Ambient air pollution data

We estimated residential exposures to PM2.5 from ambient sources, using a Bayesian Maximum Entropy (BME)-based spatiotemporal modeling approach. BME is a powerful stochastic modeling and mapping method for characterizing environmental exposure and human-ecosystem interactions (Christakos et al., 2001), which has been used in several large epidemiological cohort studies (Jerrett et al., 2013; Chen et al., 2015). In order to minimize the scaling error resulting from temporal misalignment in both the exposure source data and the subsequent estimates, a BME spatiotemporal model was constructed to produce daily ambient PM2.5 concentration at each geocoded location where WHIMS participants resided. To evaluate the validity of resulting exposure estimates, we conducted cross-validation analyses on the estimation accuracy, using US Environmental Protection Agency (EPA) air monitoring data. We first randomly divided the data into 10 distinctive sets of monitoring stations. For each “held-out” 10% of these data, we obtained daily BME estimates using only data from the remaining 90% of monitoring stations. We then pooled the cross-validation statistics across 10 distinctive sets and found moderate correlations between the “held-out” data and their BME estimates (cross-validation R2 = 0.74 for daily PM2.5). These daily BME estimates were then aggregated and combined with the residential histories, including relocations to calculate the 3-year average exposures preceding each brain MRI scan. These 3-year average exposures were highly correlated (Pearson's R = 0.93) with the cumulative exposure estimates of yearly PM2.5 used in previous work (Chen et al., 2015).

Measurement of covariates

At the WHIMS enrollment, participants completed structured questionnaires to provide information on demographics (age, race/ethnicity), socioeconomic status (including education, family income, employment status), lifestyle factors (smoking, alcohol consumption), clinical characteristics (cardiovascular disease [CVD] and related risk factors), and prior hormone therapy use. History of CVD included previous coronary heart disease (myocardial infarction, coronary angioplasty, or coronary artery bypass graft), stroke, or transient ischemic attack. Body mass index (kg/m2) was calculated. Hypertension was defined as use of antihypertensive medication or elevated blood pressure (systolic blood pressure ≥140 mmHg or diastolic blood pressure ≥90 mmHg). Treated diabetes mellitus (DM) was defined as a physician diagnosis plus oral medications or insulin therapy.
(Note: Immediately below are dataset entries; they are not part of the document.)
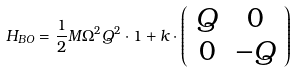Convert formula to latex. <formula><loc_0><loc_0><loc_500><loc_500>H _ { B O } = \frac { 1 } { 2 } M \Omega ^ { 2 } { Q } ^ { 2 } \cdot { 1 } + k \cdot \left ( \begin{array} { c c } Q & 0 \\ 0 & - Q \end{array} \right )</formula> 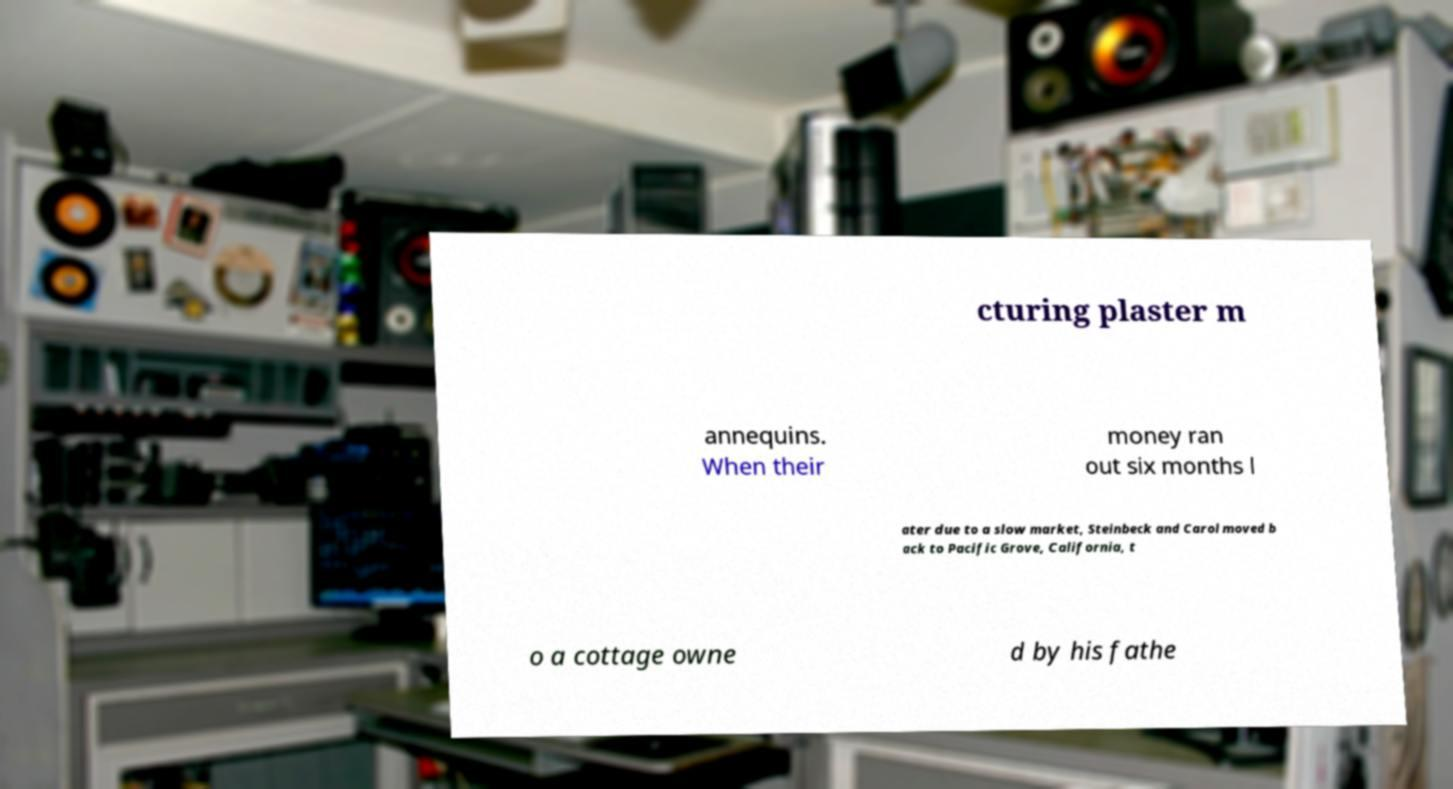There's text embedded in this image that I need extracted. Can you transcribe it verbatim? cturing plaster m annequins. When their money ran out six months l ater due to a slow market, Steinbeck and Carol moved b ack to Pacific Grove, California, t o a cottage owne d by his fathe 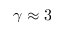Convert formula to latex. <formula><loc_0><loc_0><loc_500><loc_500>\gamma \approx 3</formula> 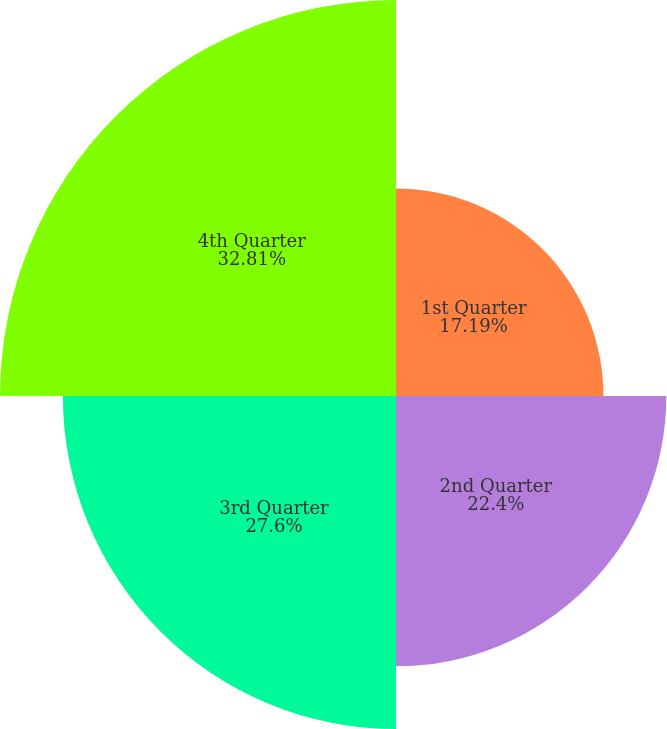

Good reliability and validity of both the self-reported medical histories and the physical measures have been documented (Heckbert et al., 2004).

Statistical analysis

Voxel-wise linear regression models (Good et al., 2001) were fit to GM and WM RAVENS maps using Statistical Parametric Mapping (SPM) software (version 8) to examine the associations that brain structures had with PM2.5 exposure after adjusting for intracranial volume and potential confounders including age, race, BMI, geographic region (Northeast, South, Midwest, and West; Chen et al., 2015), education, family income, employment status, smoking, alcohol consumption, CVD history, hypertension, treated diabetes, and prior hormone therapy use. We investigated both negative and positive associations of PM2.5 with tissue volumes. All results were corrected for multiple comparisons using a false discovery rate (FDR) < 0.05 (Benjamini and Hochberg, 1995). Clusters with fewer than 50 voxels were removed from the results.

Results

Demographic, lifestyle, and clinical characteristics of participants are listed in Table 1. Greater PM2.5 exposure was associated with spatial patterns of smaller brain volumes in cortical GM and subcortical WM areas (Figures 1, 2). For GM, higher PM2.5 was associated with smaller volumes clustered in the bilateral superior, middle, and medial frontal gyri. Other clusters of negative associations were in the left inferior frontal gyrus and bilateral superior parietal lobule and occipital poles. For WM, the largest clusters of negative associations were in the anterior and posterior extreme/external capsule and the calcarine gyri. No correlation was found between corpus callosum and PM2.5 exposure. In addition, we found no evidence for smaller hippocampal or temporal lobe volumes with PM2.5 exposure. Statistically significant clusters of associations were found in deep gray matter nuclei (q < 0.05 FDR corrected): larger volumes were associated with increased PM2.5 exposures (Figure 3). These local GM regions, pinpointed by colors in Figure 3, included the thalamus, putamen, and globus pallidus bilaterally, as well as the posterior insula. There were no WM areas with significant positive associations with increased PM2.5 exposure.
Table 1

Baseline characteristics of WHIMS-MRI participants (.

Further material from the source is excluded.